[INFORMATION PROVIDED]
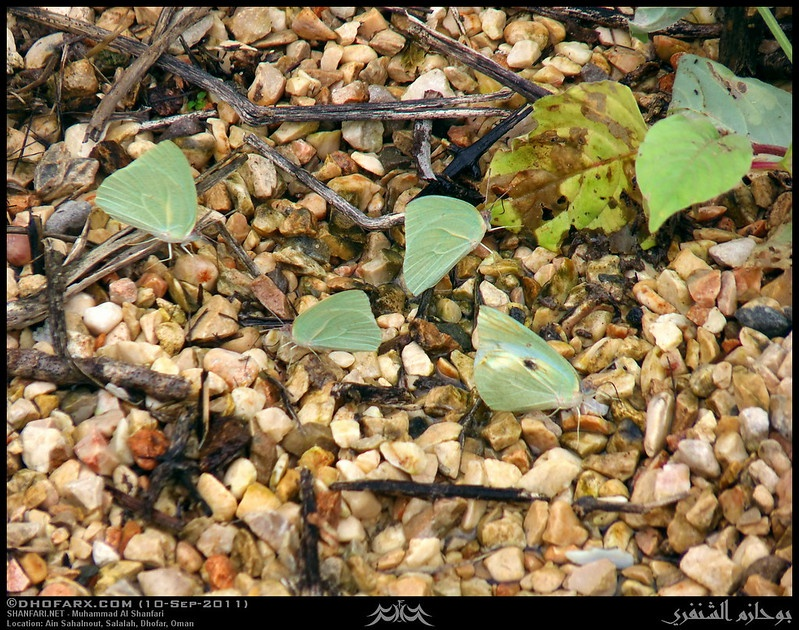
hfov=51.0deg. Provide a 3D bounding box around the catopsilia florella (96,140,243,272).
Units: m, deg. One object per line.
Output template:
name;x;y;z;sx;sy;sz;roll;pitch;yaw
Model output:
catopsilia florella;-0.859;-0.349;3.130;0.340;0.535;0.333;-3;60;31

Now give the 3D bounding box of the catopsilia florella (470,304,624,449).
catopsilia florella;0.443;0.163;3.001;0.640;0.437;0.256;18;22;9

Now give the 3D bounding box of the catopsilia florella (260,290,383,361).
catopsilia florella;-0.234;0.051;3.054;0.288;0.215;0.299;6;-23;-21

[REQUIRED ACTION]
Please return, exactly as written, the line containing "catopsilia florella (470,304,624,449)." and every line after it through the end of the records above, and nothing else.

[RESULT]
Now give the 3D bounding box of the catopsilia florella (470,304,624,449).
catopsilia florella;0.443;0.163;3.001;0.640;0.437;0.256;18;22;9

Now give the 3D bounding box of the catopsilia florella (260,290,383,361).
catopsilia florella;-0.234;0.051;3.054;0.288;0.215;0.299;6;-23;-21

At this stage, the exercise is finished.